We can call operator $\op U_t\equiv\exp[-i\op Ht/\hbar]$ the

*time-development operator*. It is easy to verify that the time-development operator is*unitary*: $$\op U_t{}^\dagger\op U_t=e^{i\op Ht/\hbar}\,e^{-i\op Ht/\hbar}=\op1.$$ Of course, it must satisfy an equation of motion that is consistent with the time-dependent Schroedinger equation for $\ket{\psi(t)}$, namely $$i\hbar\pdby{\op U_t}t=\op H\op U_t\,;$$ you can check that this holds by directly differentiating the series for $\exp[-i\op Ht/\hbar]$.- The exponential function also appears in the formula for the
partition function of a quantum system: $$Z=\sum_ie^{-\beta
E_i},$$ where $E_i$ are the energy levels (eigenvalues of the
Hamiltonian, $\hat H$) and $\beta=1/(\kT)$. Thus, $$e^{-\beta
E_i} = \bra{u_i}\exp(-\beta\op H)\ket{u_i},$$ where
$\ket{u_i}$ is an energy eigenfunction.
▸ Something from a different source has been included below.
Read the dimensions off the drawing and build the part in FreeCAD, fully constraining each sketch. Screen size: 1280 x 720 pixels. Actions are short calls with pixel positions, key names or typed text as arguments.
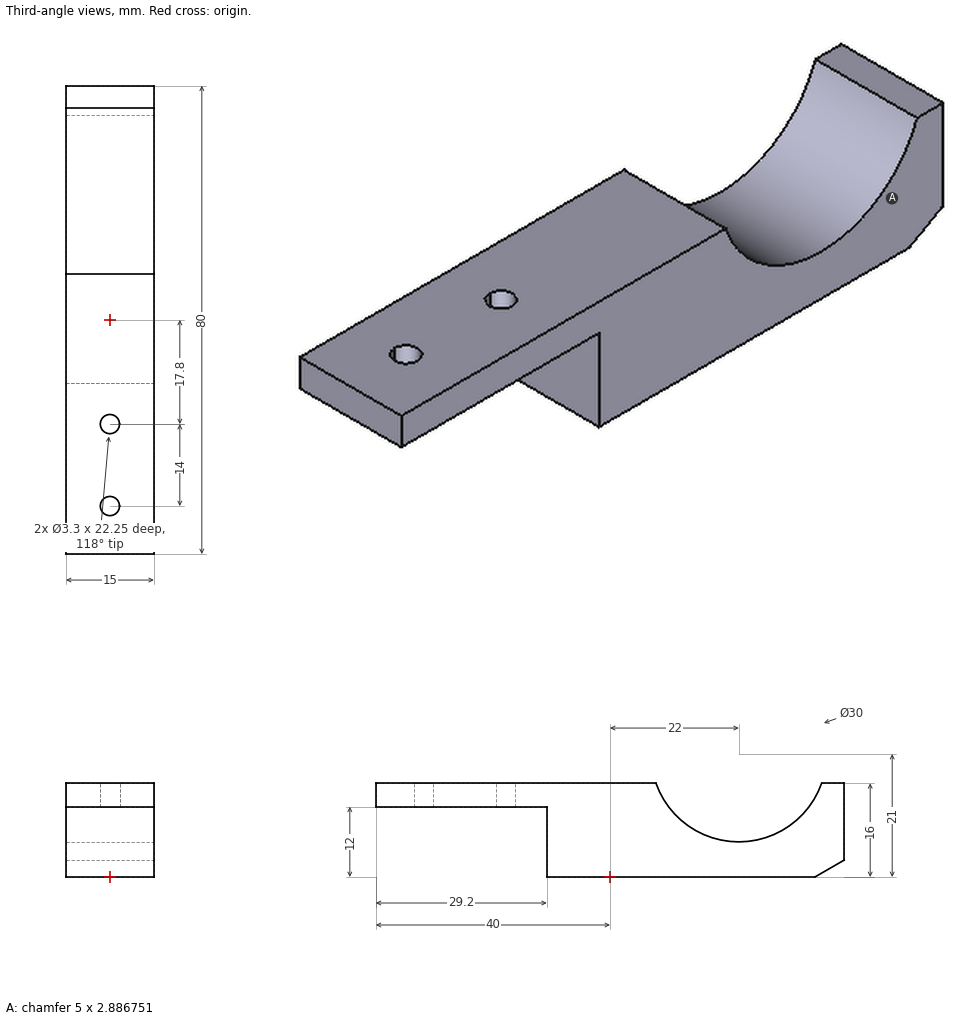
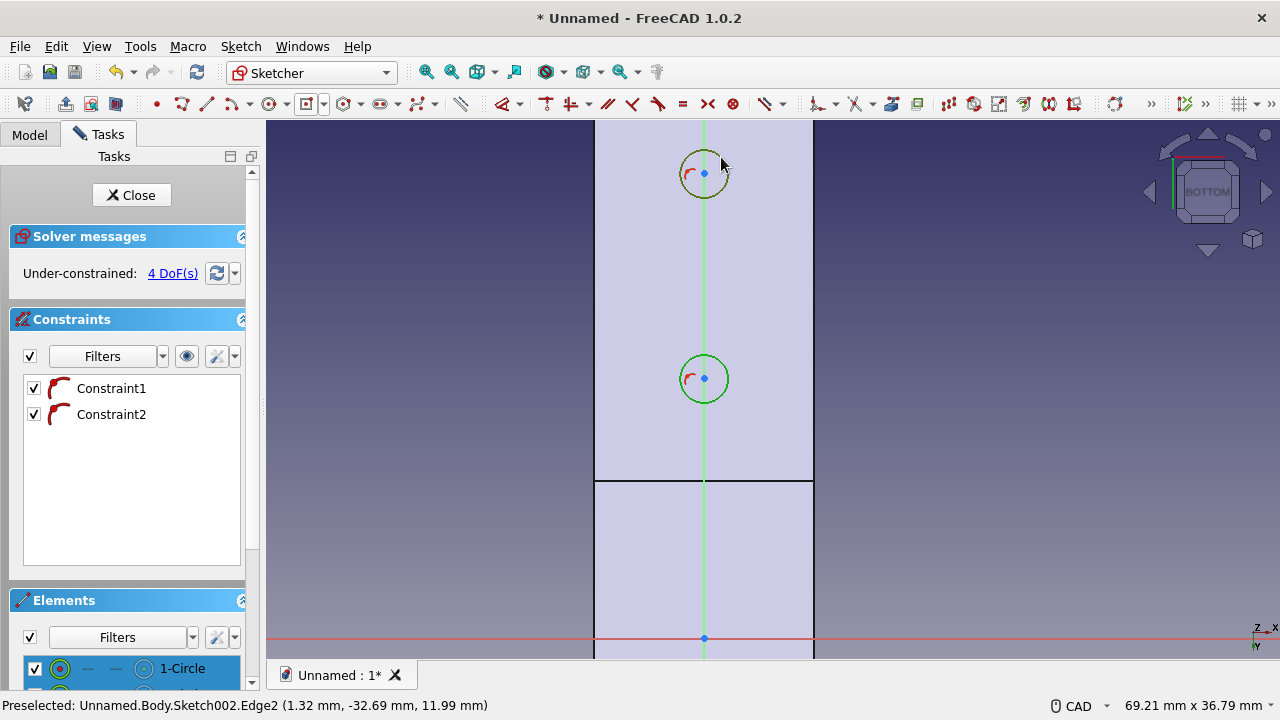
click(683, 104)

So the partition
function is the sum of the diagonal elements (i.e.,
the
*trace*) of the matrix of $\exp(-\beta\op H)$: $$Z = \sum_i\bra{u_i}\exp(-\beta\op H)\ket{u_i}=\Tr[\exp(-\beta\op H)].$$ This is quite a useful formula, because the trace is independent of the choice of basis. Even if we can't calculate the eigenvectors and eigenvalues of $\op H$ exactly, we may still be able to approximate the sum $$Z = \Tr[\exp(-\beta\op H)]=\sum_j\brae j\exp(-\beta\op H)\kete j$$ by making an appropriate choice of basis, $\basis{e_i}$.[Too vague. Example might be where $\op H=\op H_0+\lambda\op H_1$ and $\basis{e_i}$ are eigenvectors of $\op H_0$. Possible then to expand $Z(\lambda)$ (or, more usefully, $F(\lambda)-F(0)=-\kT\log[Z(\lambda)/Z(0)]$) in powers of $\lambda$. But a specific example would be more suitable for year 4.]